- Type: Punitive Expedition
- Location: Puroh, Kimanis District, North Borneo
- Commanded by: A. M. de Fontaine; R. M. Little; G. L. Davies;
- Date: 1883
- Executed by: British North Borneo Constabulary
- Outcome: 12x villagers arrested; Rebel leader escaped; Village burned;

= Puroh Expedition =

1883 punitive expedition in North Borneo

The Puroh Expedition was the first armed expedition of the British North Borneo Constabulary against a local uprising force, following the murder of a Bruneian trader in the village of Puroh. While no firefight occurred, and only a single village was burned, it is notable as the Constabulary's first major punitive expedition.

== History ==

=== Background ===
In 1881, North Borneo was established under the North Borneo Chartered Company. That same year, they created the British North Borneo Constabulary to act as the new country's military and police force.

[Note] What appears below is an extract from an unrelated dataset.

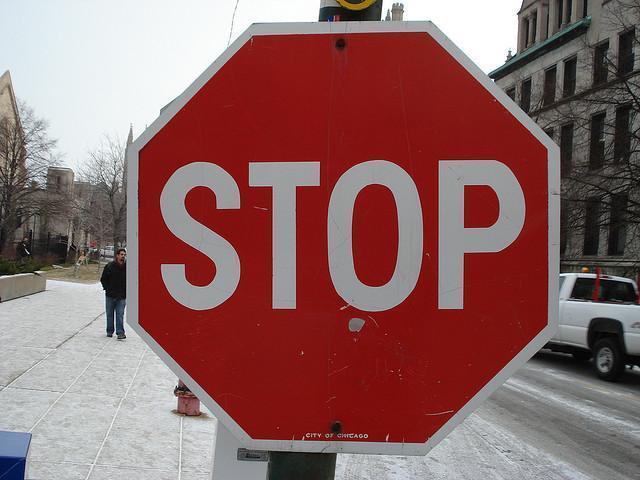How many cows are there?
Give a very brief answer. 0.

In 1883, at the village of Puroh, in the hills above the source of the Kimanis River, a trader from Brunei was murdered. There were several tribal members suspected to have been involved in the murder, but the Company-appointed tribal Headman refused to transfer these suspects to the government.

It was later revealed that the Headman of Puroh had actually ordered the killings on behalf of Kandurong, leader of the Tega'has tribe.

=== Expedition ===
To capture and prosecute the suspects, an expeditionary force of the Constabulary was mustered. This force comprised 26 Sikh constables, 18 Dyak and Malay constables, and their officers. The force was commanded by the Commandant of the British North Borneo Constabulary, Alexander Mortier de Fontaine. Also on this expedition were the Assistant Residents of Gaya and Papar; Robert McEwen Little and G. L. Davies.

They set out from Kimanis on 14 October 1883. Along the march, they ascended over 4,200 feet, descending the same on the other side. They were low on food and supplies. The road was rough underfoot, and several bamboo Sudah traps had been laid by the rebels. Their camps were set up in rough areas, and they had to contend with river leeches and jungle mosquitoes. It took them four days to march through the jungle over the Crocker Range and into the Limbawan Plain.

At the Limbawan Plain, the expedition gathered more members from the tribes living nearby, who were willing to fight against Kandurong and the villagers at Puroh. They rested at the Limbawan Plain for two days, retrofit with their new supplies and soldiers from the local tribes. They set out again, and reached Puroh on 20 October. The village, however, was mostly deserted.

Owen Rutter writes that the force did manage to capture 12 men taken as prisoner. Ian Black, however, writes that only 4 men were taken as prisoner. Two of these men were arrested as suspects in the initial murder of the trader, including the tribal Headman's uncle. After the arrests were made, the Constabulary handed-over jurisdiction of the village to the Limbawan tribes. On the order of the Residents, the Limbawan looted and burned the village to the ground.

The expedition returned to Kimanis on 28 October.